START Input records

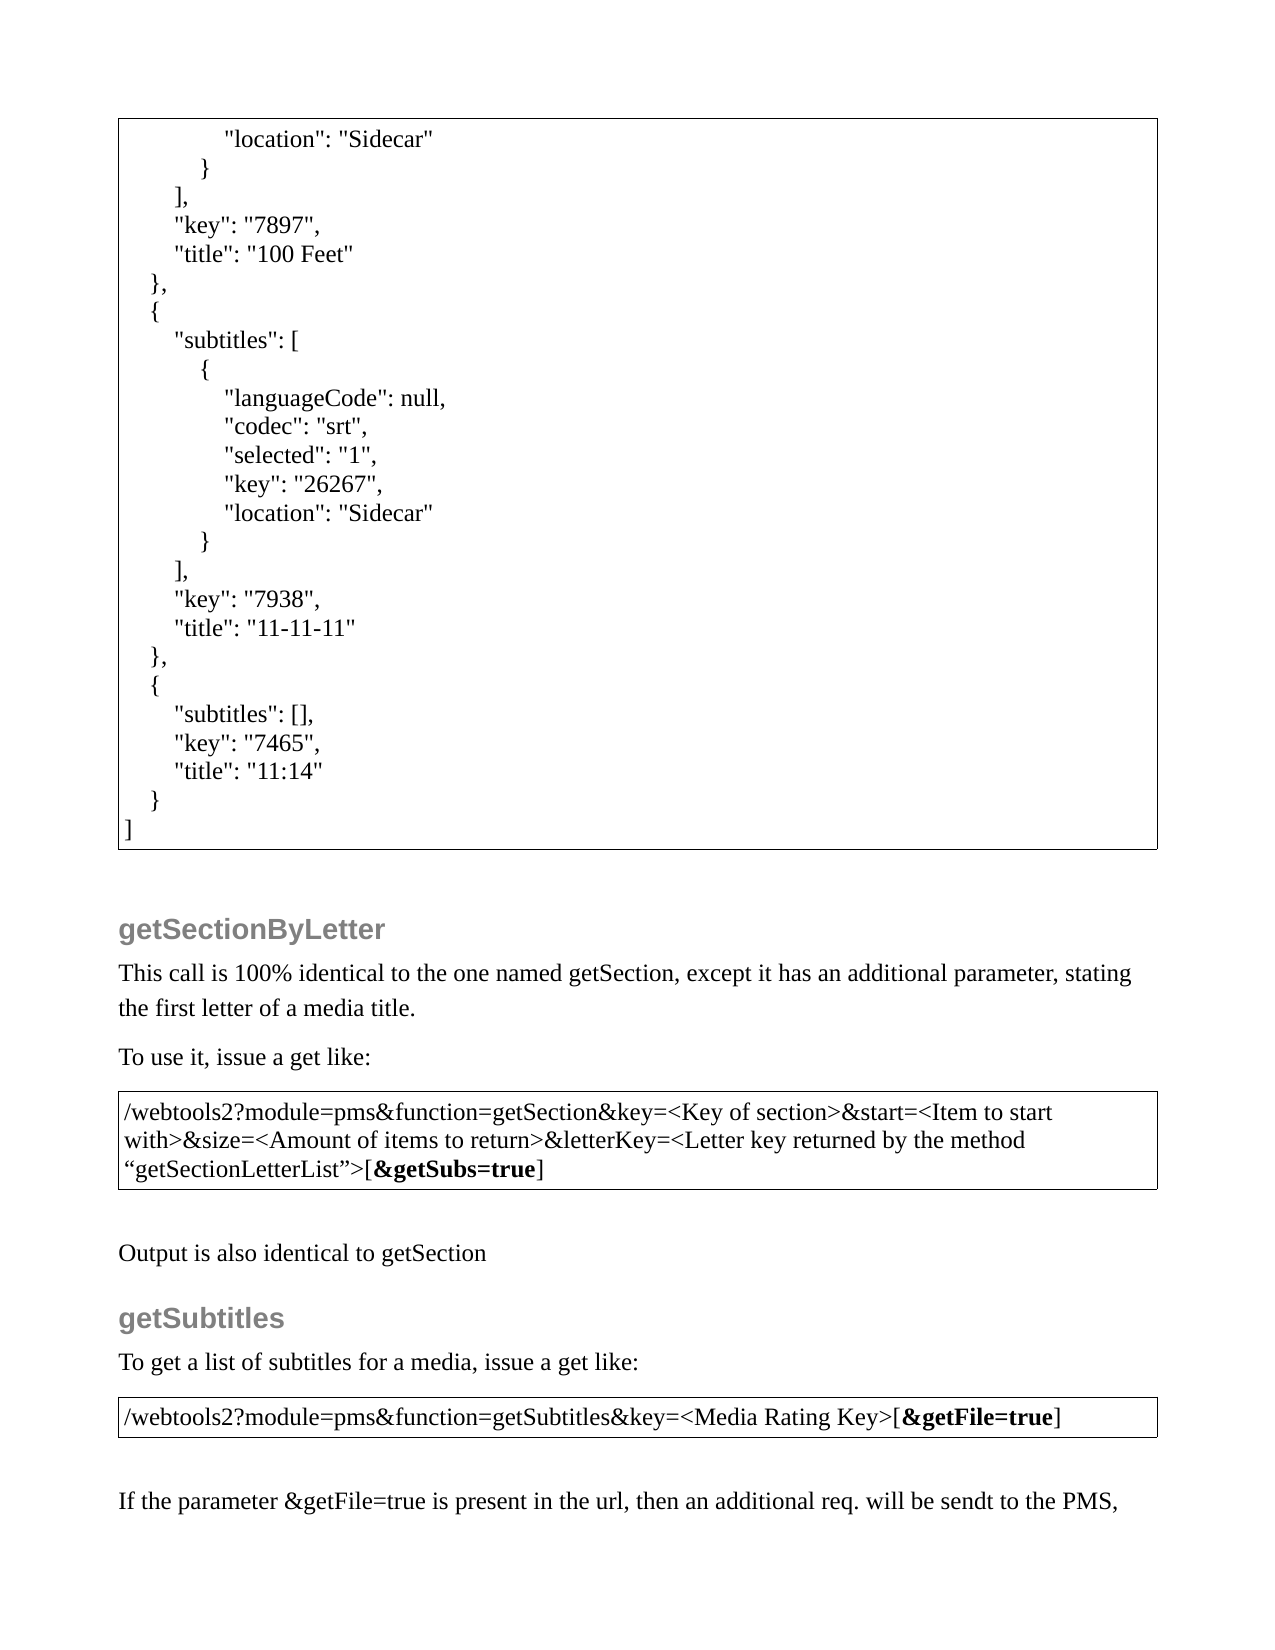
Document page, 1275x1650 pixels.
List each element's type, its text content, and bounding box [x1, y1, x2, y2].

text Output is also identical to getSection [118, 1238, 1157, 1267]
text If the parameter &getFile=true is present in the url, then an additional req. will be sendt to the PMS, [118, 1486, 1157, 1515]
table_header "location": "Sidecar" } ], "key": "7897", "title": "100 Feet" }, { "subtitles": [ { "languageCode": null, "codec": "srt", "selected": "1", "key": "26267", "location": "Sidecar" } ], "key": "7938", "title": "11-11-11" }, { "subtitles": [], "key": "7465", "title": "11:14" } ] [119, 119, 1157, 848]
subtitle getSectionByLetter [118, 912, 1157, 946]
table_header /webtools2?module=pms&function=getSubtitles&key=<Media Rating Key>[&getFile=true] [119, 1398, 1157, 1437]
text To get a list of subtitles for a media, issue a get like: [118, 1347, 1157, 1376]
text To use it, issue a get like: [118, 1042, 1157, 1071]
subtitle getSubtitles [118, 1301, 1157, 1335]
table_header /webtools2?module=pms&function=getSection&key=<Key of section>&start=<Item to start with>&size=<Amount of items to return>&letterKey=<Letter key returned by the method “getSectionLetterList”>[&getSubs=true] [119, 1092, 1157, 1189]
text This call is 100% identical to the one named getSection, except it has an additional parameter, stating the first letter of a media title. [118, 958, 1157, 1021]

END Input records

■ **Task directions**
From the preceding records, count the lines where "getSubtitles" occurs and reply with the number only.

■ **Final answer**
2